* **Work instruction**: Going line by line through the records below, count those containing the word "instrument", then give only the count.
##########
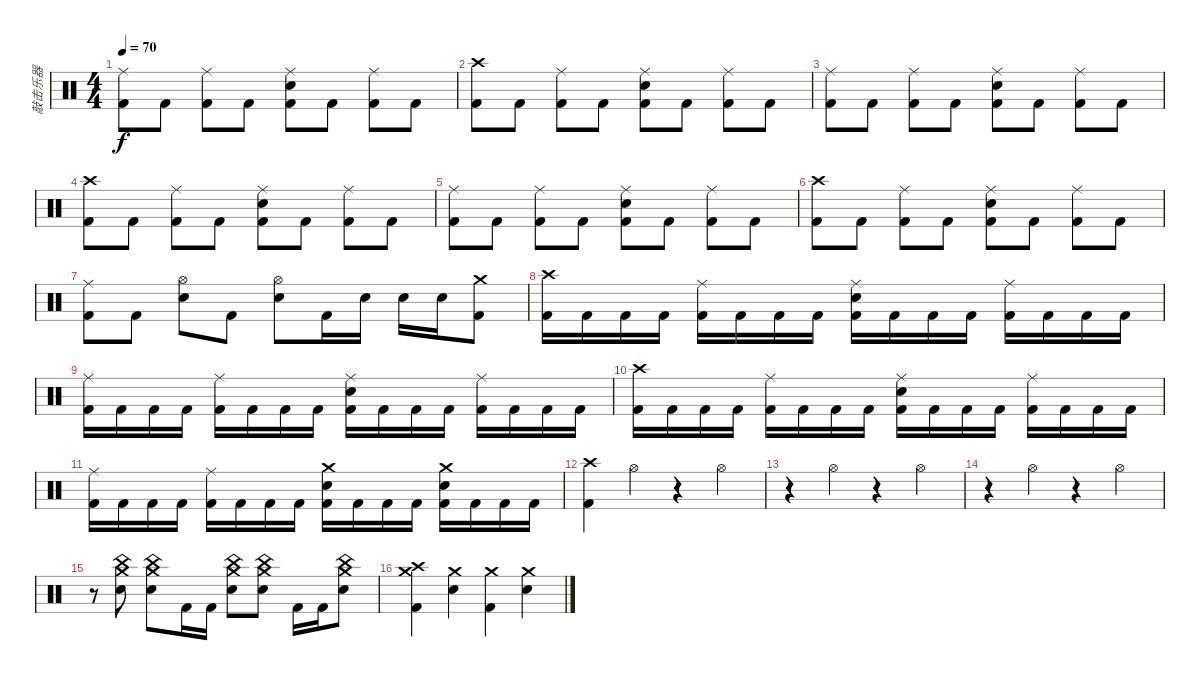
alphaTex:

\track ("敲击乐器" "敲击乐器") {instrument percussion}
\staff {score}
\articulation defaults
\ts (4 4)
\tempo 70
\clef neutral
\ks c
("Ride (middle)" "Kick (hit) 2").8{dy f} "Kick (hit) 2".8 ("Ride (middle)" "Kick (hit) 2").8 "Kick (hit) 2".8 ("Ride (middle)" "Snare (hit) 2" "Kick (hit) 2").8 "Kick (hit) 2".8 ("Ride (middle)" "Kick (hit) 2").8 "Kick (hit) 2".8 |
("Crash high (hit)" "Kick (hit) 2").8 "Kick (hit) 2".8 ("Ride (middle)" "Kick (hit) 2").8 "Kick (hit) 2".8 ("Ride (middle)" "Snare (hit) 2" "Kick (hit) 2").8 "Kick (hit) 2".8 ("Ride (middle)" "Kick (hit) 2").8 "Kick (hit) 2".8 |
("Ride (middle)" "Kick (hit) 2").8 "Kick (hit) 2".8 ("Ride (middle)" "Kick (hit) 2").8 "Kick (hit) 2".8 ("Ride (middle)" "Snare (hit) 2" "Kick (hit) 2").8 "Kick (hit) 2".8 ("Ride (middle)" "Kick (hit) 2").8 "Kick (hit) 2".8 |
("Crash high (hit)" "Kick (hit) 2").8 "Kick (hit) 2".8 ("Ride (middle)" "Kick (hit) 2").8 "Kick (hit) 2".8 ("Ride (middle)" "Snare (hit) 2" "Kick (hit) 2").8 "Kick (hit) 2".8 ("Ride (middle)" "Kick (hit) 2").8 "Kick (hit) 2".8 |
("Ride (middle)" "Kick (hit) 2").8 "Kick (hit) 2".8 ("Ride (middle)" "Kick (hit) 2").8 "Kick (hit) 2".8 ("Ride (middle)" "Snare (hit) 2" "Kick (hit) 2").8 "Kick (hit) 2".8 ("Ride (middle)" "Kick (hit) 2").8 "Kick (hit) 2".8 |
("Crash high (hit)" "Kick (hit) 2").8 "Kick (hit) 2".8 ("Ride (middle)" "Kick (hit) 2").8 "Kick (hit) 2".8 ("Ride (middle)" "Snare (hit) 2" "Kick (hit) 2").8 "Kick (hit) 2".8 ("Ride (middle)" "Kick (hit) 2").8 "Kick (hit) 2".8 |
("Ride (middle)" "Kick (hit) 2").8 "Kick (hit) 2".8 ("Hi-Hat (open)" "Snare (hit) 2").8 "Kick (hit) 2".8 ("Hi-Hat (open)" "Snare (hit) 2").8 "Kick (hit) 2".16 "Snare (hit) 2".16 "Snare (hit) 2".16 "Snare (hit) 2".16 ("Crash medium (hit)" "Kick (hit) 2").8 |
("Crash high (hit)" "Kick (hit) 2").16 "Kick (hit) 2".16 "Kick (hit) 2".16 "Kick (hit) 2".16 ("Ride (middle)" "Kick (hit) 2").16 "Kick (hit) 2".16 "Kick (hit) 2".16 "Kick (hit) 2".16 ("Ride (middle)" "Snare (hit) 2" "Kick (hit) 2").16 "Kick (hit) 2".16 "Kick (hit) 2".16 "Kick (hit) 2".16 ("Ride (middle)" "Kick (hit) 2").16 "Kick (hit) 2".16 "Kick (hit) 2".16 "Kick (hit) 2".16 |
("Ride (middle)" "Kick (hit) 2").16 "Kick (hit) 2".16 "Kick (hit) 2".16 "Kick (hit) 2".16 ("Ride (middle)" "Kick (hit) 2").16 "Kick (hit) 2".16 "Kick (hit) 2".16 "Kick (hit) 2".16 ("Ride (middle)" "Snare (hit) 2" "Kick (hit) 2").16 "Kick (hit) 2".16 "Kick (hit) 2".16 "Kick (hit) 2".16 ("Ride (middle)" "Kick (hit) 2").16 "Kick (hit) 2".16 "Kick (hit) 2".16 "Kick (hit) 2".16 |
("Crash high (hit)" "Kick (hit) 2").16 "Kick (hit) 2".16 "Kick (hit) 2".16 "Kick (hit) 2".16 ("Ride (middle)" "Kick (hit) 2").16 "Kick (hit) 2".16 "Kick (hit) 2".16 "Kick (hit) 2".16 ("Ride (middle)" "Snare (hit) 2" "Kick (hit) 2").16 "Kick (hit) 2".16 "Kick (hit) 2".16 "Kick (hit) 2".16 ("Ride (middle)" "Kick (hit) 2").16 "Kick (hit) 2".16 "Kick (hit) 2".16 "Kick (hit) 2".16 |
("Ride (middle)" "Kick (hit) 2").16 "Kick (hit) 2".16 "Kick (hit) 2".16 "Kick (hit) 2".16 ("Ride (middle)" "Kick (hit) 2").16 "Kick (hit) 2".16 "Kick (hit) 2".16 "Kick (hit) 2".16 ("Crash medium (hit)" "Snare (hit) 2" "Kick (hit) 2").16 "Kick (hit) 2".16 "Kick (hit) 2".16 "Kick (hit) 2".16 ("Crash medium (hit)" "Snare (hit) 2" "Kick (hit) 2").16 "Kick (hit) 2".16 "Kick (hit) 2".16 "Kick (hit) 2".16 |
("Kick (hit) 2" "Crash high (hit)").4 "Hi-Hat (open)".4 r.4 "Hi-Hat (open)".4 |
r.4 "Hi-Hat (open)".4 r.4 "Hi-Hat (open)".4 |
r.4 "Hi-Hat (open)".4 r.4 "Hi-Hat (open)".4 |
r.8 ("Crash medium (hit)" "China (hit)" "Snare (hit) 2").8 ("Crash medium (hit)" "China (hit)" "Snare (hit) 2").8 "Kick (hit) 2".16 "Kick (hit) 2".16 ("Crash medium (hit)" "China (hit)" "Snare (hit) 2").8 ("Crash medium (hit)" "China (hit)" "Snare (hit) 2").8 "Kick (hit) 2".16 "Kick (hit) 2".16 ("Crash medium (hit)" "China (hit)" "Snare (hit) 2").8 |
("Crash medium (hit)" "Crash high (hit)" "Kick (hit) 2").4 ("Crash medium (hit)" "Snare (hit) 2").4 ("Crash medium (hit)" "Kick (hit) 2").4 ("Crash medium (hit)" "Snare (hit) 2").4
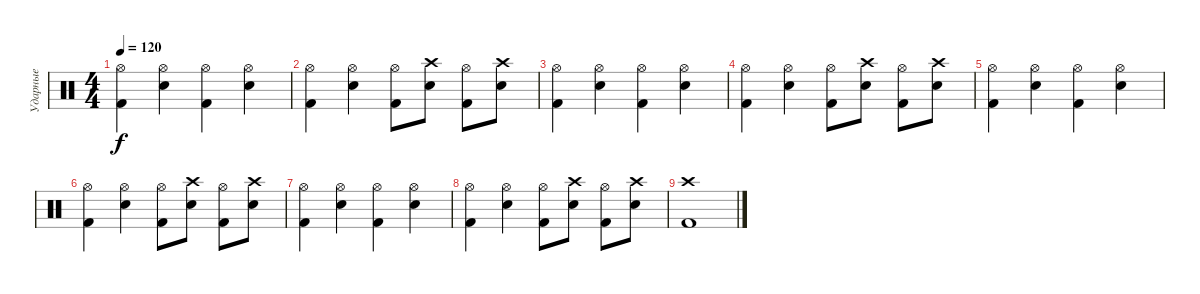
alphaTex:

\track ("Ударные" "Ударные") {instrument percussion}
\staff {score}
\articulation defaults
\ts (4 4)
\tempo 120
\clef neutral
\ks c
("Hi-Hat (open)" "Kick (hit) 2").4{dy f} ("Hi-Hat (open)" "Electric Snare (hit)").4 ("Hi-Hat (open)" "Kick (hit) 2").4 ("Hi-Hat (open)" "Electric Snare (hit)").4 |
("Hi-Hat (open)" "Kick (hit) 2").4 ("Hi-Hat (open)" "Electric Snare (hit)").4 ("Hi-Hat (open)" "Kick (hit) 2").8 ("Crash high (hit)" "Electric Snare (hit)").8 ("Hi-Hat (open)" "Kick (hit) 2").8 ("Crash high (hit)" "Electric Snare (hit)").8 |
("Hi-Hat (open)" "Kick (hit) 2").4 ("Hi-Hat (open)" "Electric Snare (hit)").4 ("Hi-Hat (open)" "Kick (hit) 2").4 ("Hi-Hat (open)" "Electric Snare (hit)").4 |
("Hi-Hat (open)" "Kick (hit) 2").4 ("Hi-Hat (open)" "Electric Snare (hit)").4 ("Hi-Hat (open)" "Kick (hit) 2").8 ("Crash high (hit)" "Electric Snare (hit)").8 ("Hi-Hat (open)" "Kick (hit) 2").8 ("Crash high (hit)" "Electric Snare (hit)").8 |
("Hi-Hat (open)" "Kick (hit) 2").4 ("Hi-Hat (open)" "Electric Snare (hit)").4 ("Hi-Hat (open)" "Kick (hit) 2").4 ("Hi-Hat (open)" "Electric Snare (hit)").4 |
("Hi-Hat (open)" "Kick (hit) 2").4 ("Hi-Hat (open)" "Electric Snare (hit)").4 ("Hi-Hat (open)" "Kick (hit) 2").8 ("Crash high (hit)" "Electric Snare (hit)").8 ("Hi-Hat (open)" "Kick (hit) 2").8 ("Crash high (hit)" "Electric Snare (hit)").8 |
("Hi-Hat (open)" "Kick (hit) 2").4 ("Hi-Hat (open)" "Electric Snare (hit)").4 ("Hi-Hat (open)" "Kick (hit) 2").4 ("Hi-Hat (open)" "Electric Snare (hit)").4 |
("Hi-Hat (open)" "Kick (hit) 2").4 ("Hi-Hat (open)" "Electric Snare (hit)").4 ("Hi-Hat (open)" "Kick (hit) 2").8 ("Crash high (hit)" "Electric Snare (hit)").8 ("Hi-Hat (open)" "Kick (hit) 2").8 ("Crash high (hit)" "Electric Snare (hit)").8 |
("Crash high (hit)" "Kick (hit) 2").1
##########
* **Output**: 2